MySQL
Li Wei
Title: MySQL
Basic Introduction
Overview of Databases
Database: DataBase, abbreviated DB, a repository for storing and managing data.
Advantages of databases:
- Can persistently store data
- Convenient for storing and managing data
- Operated using a unified language, SQL
Relationship between databases, tables, and data:
Database
- A repository for storing and managing data
- A single database can contain multiple tables
Table
- One of the most important components of a database
- Consists of vertical columns and horizontal rows (similar to an Excel sheet)
- Columns can be defined with names, data types, constraints, etc.

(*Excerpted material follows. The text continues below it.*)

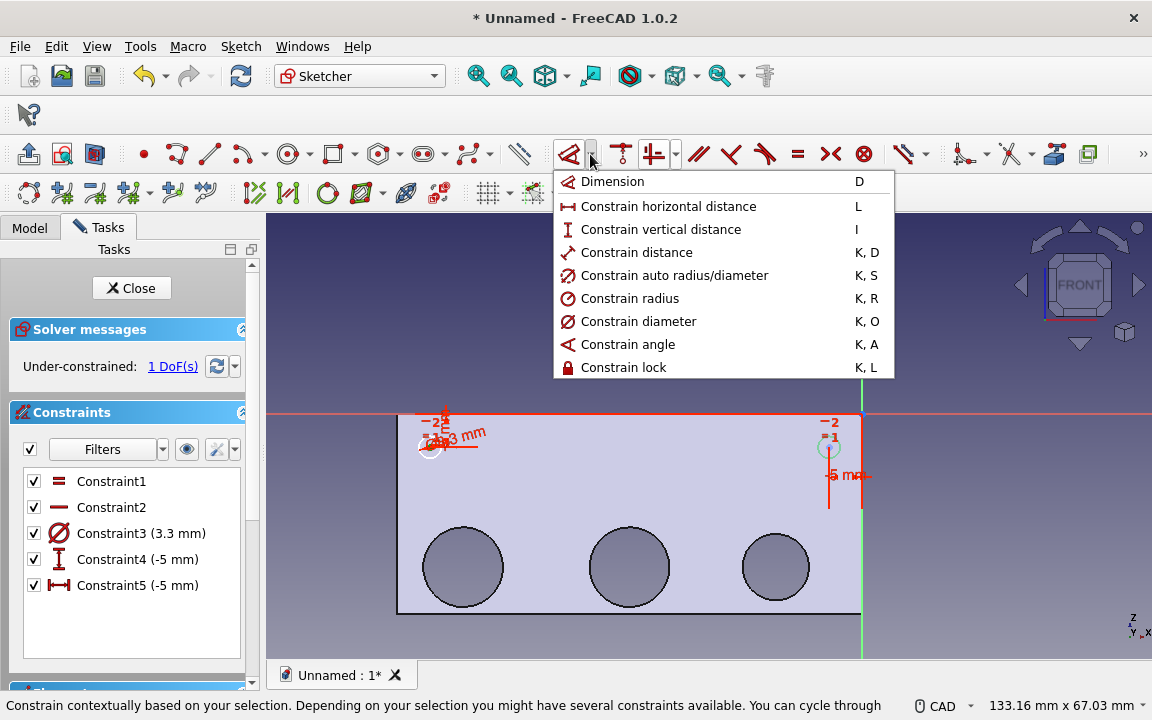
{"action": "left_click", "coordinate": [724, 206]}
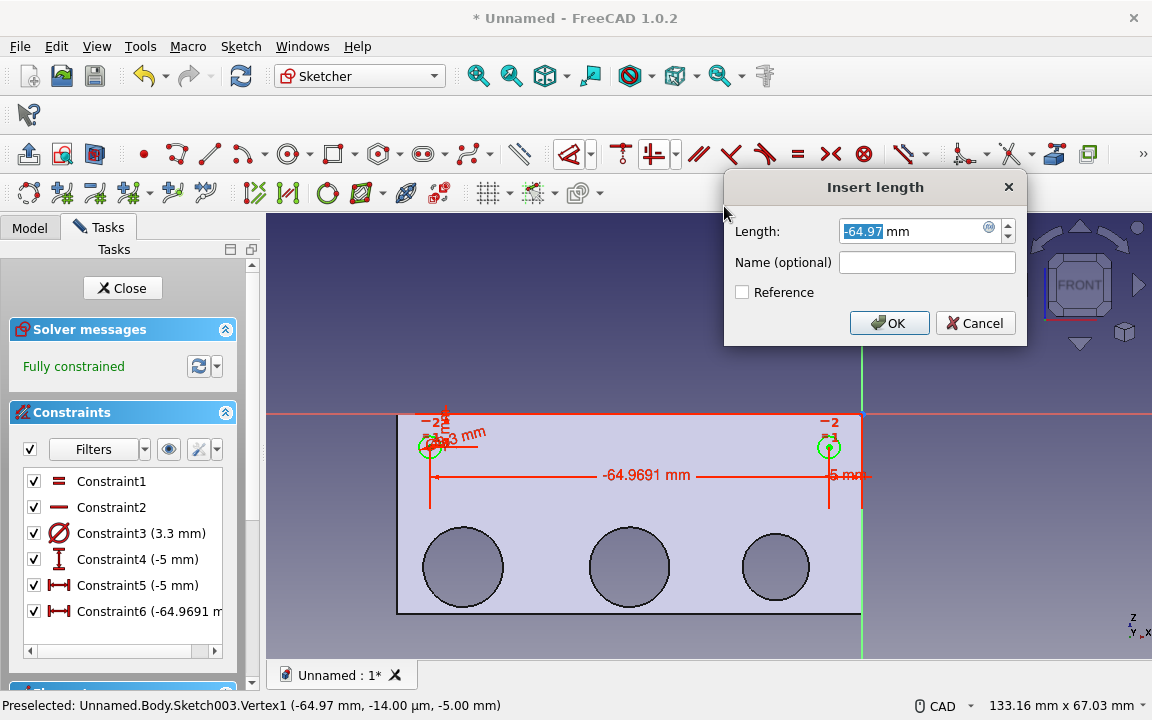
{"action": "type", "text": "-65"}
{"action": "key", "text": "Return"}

- A table can store many rows of data
Data: The information you want to store permanently
MySQL is one of the most popular relational database management systems. Relational databases store data in separate tables, and relationships can be defined between tables, increasing flexibility. MySQL uses SQL statements, the most common standardized language for accessing databases.
Drawbacks: Data is stored on disk, leading to poor read/write performance; complex data relationships make scalability difficult.
Architecture
Overall MySQL Architecture
Detailed architecture:
Layer 1: Network Connection Layer
- Handles client connections, including local socket communication and most TCP/IP communication implemented by client/server tools; responsibilities include connection handling, authentication, and related security measures.
- Introduces the concept of a Connection Pool to manage buffered user connections, thread handling, and other caching needs.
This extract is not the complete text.